In the first study, published Wednesday in the journal Environmental Science and Technology, researchers investigated how soil ecosystems respond to contamination by microplastics, which they call “an emerging threat to biodiversity and ecosystem functioning.”

They added several types of plastic to soil containing ryegrass seeds and earthworms, and they discovered that fewer seeds germinated, plant shoots were shorter, and worms withered when soils contained plastics. The rosy-tipped earthworm (Aporrectodea rosea) lost about three percent of its body weight over 30 days, compared to a five percent weight gain in the plastic-free soil.

Earthworms “dramatically alter soil structure, water movement, nutrient dynamics, and plant growth,” according to the US Department of Agriculture. Moving through soil, they shred, mix, and defecate, improving water infiltration and holding capacity. Their burrows aerate soil, allowing water to enter the ground more quickly. And increased infiltration helps to prevent pollution by “minimizing runoff, erosion, and chemical transport to surface waters.”

Worms also influence their invertebrate neighbors by distributing organic matter and microbial populations. These little guys take in plant material like dead leaves from above ground and recycle them by pulling the materials beneath the soil’s surface, processing it, and fragmenting it through their guts to make the nutrients available to plants.

This study suggests that microplastics interfere with “basic, but crucial soil properties,” the researchers write, “with potential further impacts on soil ecosystem functioning.”

In short, introducing plastic to the intricacies of the soil system could have a big effect on how it all works, and as recent research has shown, microplastics are pretty much everywhere, so this matter is less of an if than a when.

Climate change could worsen soil runoff, scientists predict.

Unsplash / H A M A N N

Climate Change, Water, and Soil Runoff

Soil ecosystem functions are changing in other ways, too, thanks to human activities. The increased rainfall associated with climate change is increasing runoff by making it harder for soil to absorb water during heavy rain, shows a study published Wednesday in the journal Science Advances.

The change in infiltration comes from the way soil particles rearrange themselves as the climate changes. Lead author Daniel Giménez, Ph.D., a soil scientist and professor at Rutgers University, tells Inverse that soil scientists were aware of those changes taking place over decades or centuries.

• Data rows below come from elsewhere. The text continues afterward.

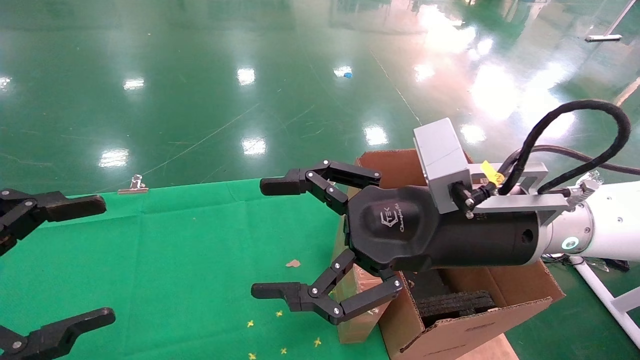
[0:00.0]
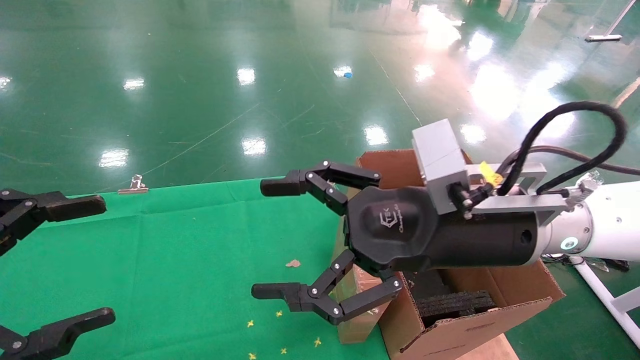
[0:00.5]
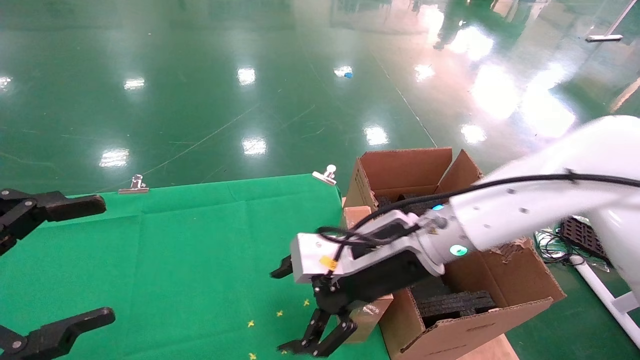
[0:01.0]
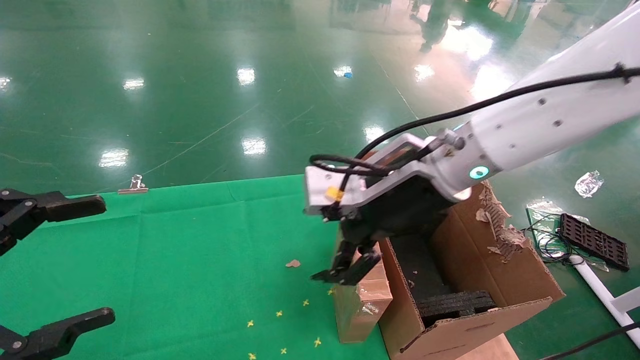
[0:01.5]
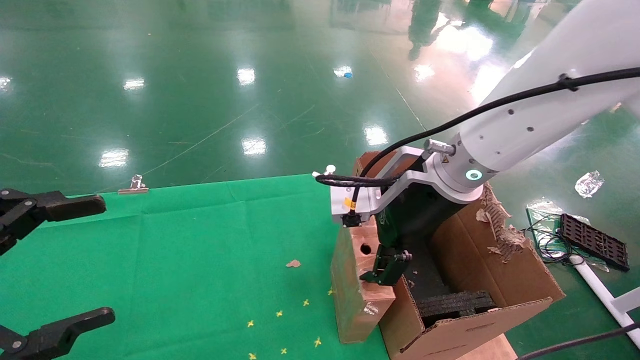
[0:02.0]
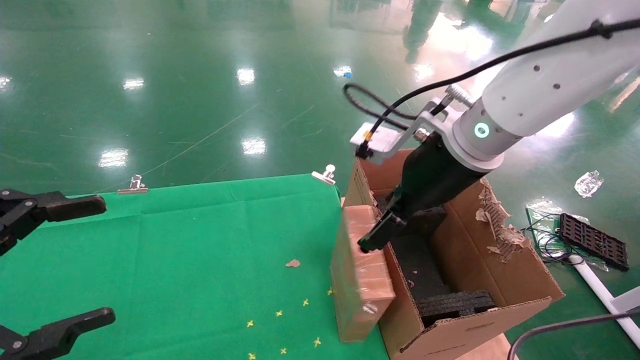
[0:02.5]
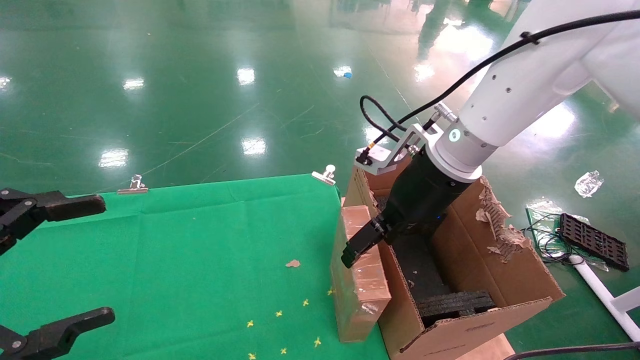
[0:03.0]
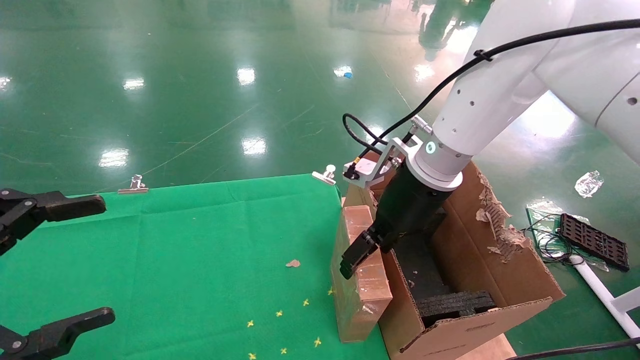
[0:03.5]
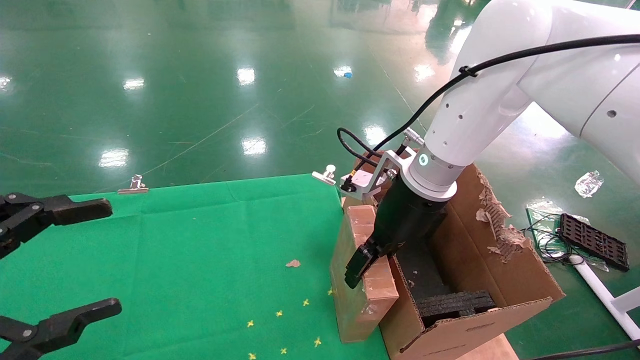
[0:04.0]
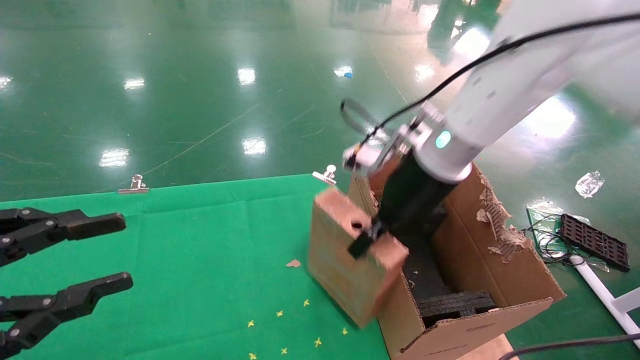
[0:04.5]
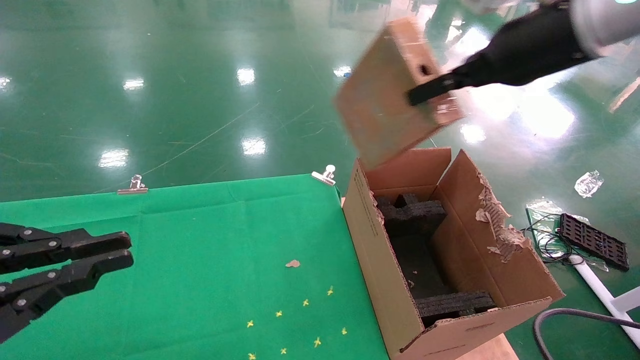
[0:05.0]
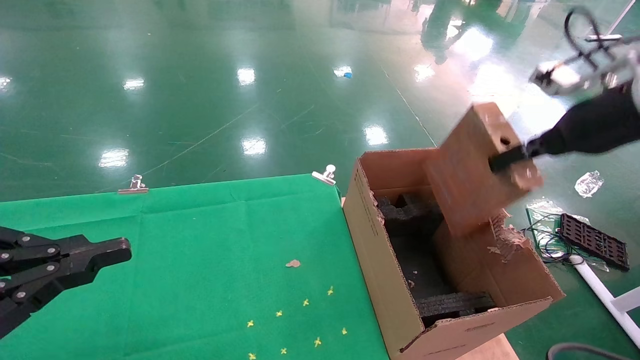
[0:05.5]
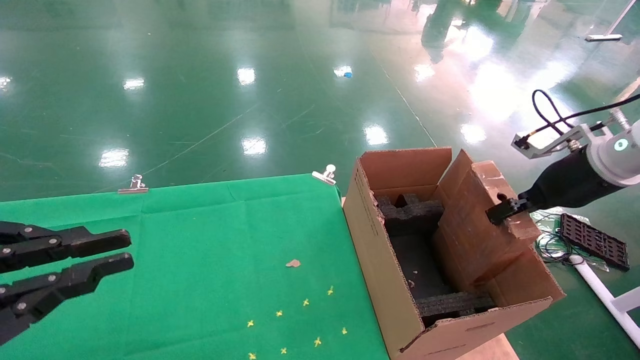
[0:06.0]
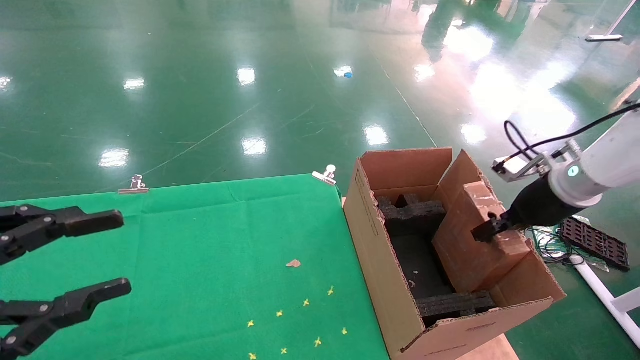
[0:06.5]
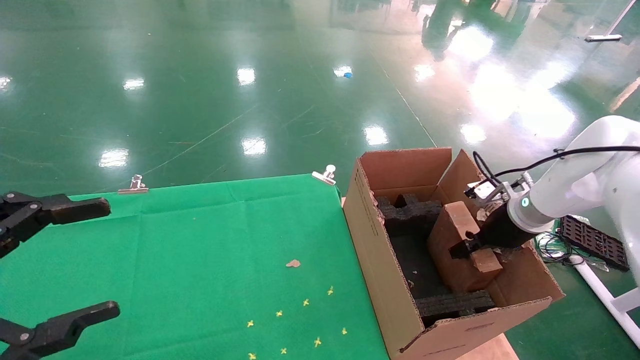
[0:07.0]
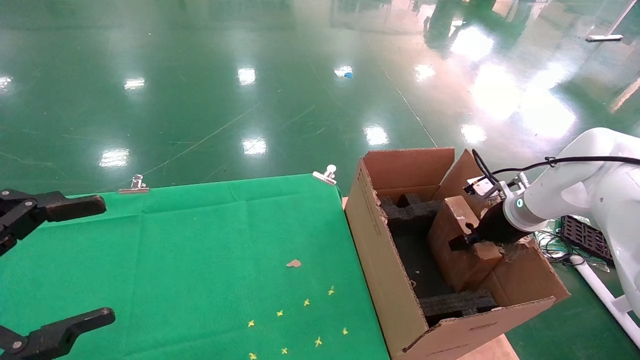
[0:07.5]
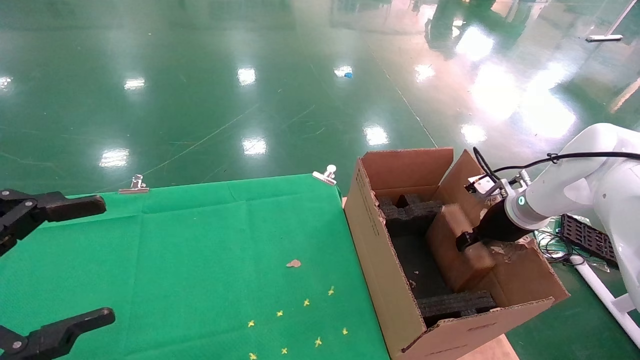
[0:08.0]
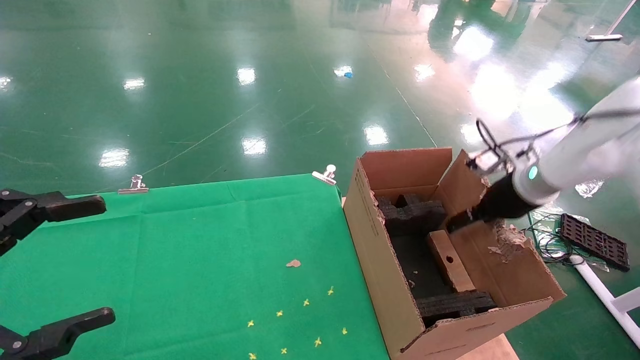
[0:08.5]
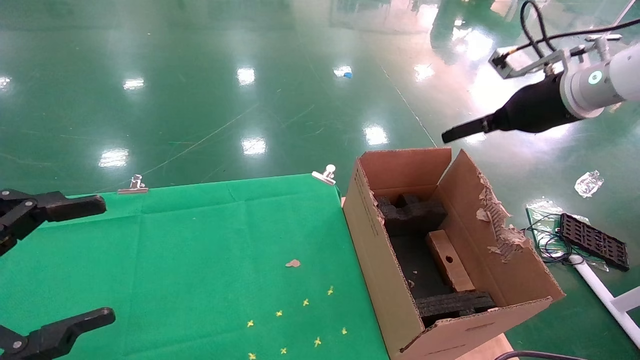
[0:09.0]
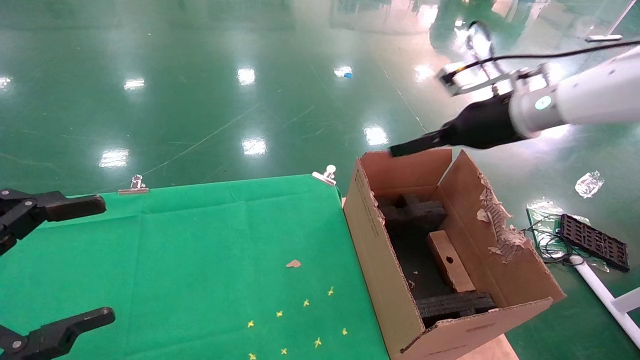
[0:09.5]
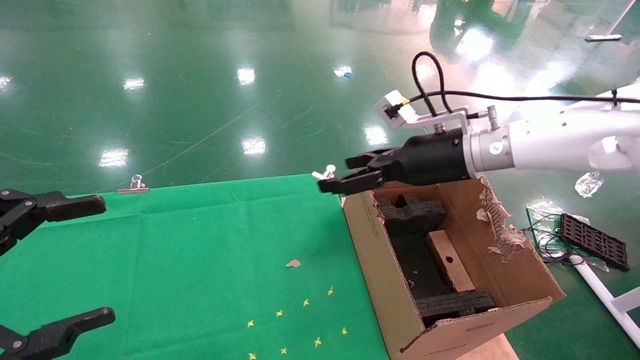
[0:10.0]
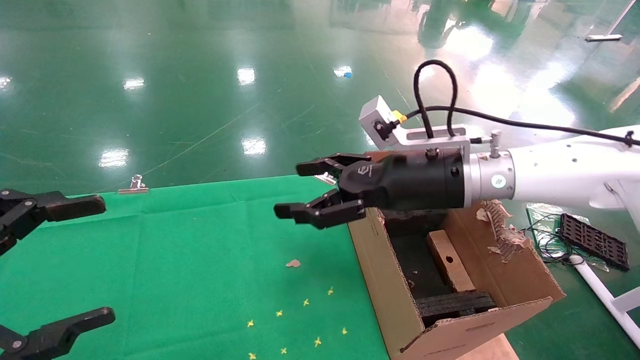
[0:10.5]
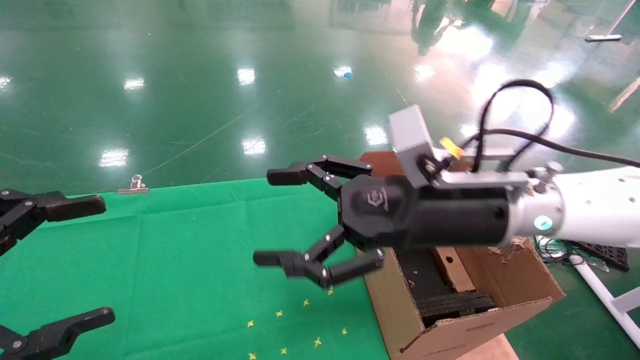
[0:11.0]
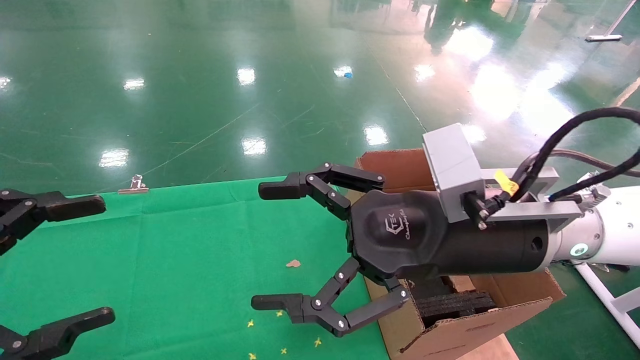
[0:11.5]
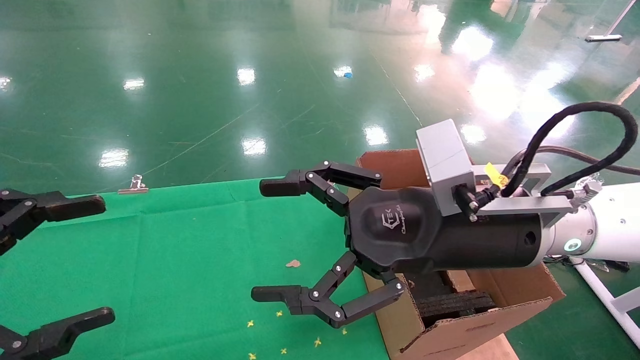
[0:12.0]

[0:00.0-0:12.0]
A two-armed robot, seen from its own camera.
Task of the whole recording: using a robotic arm to pick up a cardboard box and palace it the carton.
Step, 0:01.0 to 0:04.0: Pick up the mouse and the power cord paper box.
Step, 0:04.5 to 0:08.0: Place the mouse and the power cord paper box into the container.
0:00.0 to 0:02.0: The right gripper goes about 10 cm forward.
0:02.0 to 0:04.0: The right gripper changes place by about 5 cm.
0:04.0 to 0:06.0: The right gripper is displaced to the right by about 25 cm, and closes its fingers. The left gripper closes its fingers.
0:06.0 to 0:08.0: The left gripper opens; the right gripper heads downward and forward, covering some 15 cm.
0:08.0 to 0:10.0: The right gripper is displaced to the left and upward by about 20 cm, and opens its fingers.
0:10.0 to 0:12.0: The right gripper goes some 15 cm backward and to the left.

“The surprise was that over a period of 25 years, those changes were well-manifested,” he says. 

His team’s findings can help fill in crucial gaps to improve estimates of what the future climate will look like. Current predictions tend to account for changes in vegetation and atmosphere, but not soil, Giménez says.

“We need to start looking at how the soil is changing to better inform those climate change models,” he says. “It’s going to change the entire picture.”

Lack of water infiltration poses problems because it sends chemical runoff, like pesticides and fertilizers, into wetlands and groundwater. Those chemicals can have dire effects for lakes and oceans — as well as human health.

Unsplash / Kobu Agency

Can Human Politics Solve the Environmental Issues Humans Have Caused?

To address issues surrounding runoff, former President Barack Obama instituted clean water protections in 2015, which he said would protect the one-in-three Americans who get their drinking water from streams that previously lacked protection. The plan limited chemical pesticides and fertilizer use near streams and wetlands and restricted certain kinds of plowing and planting.

These limits also lent a hand to earthworms, in all their nutrient-cycling, soil-structuring importance. The worms are sensitive to pesticides, and plowing can kill up to 90 percent of them in a given area, said Graeme Willis, senior rural policy campaigner at Campaign to Protect Rural England, in a video for The Guardian.

The Environmental Protection Agency under President Donald Trump, however, plans to roll back those regulations, the administration announced this week.

As the leader of the American Farm Bureau Federation celebrated the move, environmental advocates condemned it.

“With many of our cities and towns living with unsafe drinking water, now is not the time to cut back on clean water enforcement,” Laura Rubin, director of the Healing Our Waters-Great Lakes Coalition, told The New York Times. “We need more, not less, protection for clean water.”

As these two latest studies show, humans have dealt a one-two punch to soil health, and protecting surface waters from pollution is a crucial part of stemming the harm. The future consequences of rolled-back regulations aren’t yet certain, but we might not have to wait long to find out.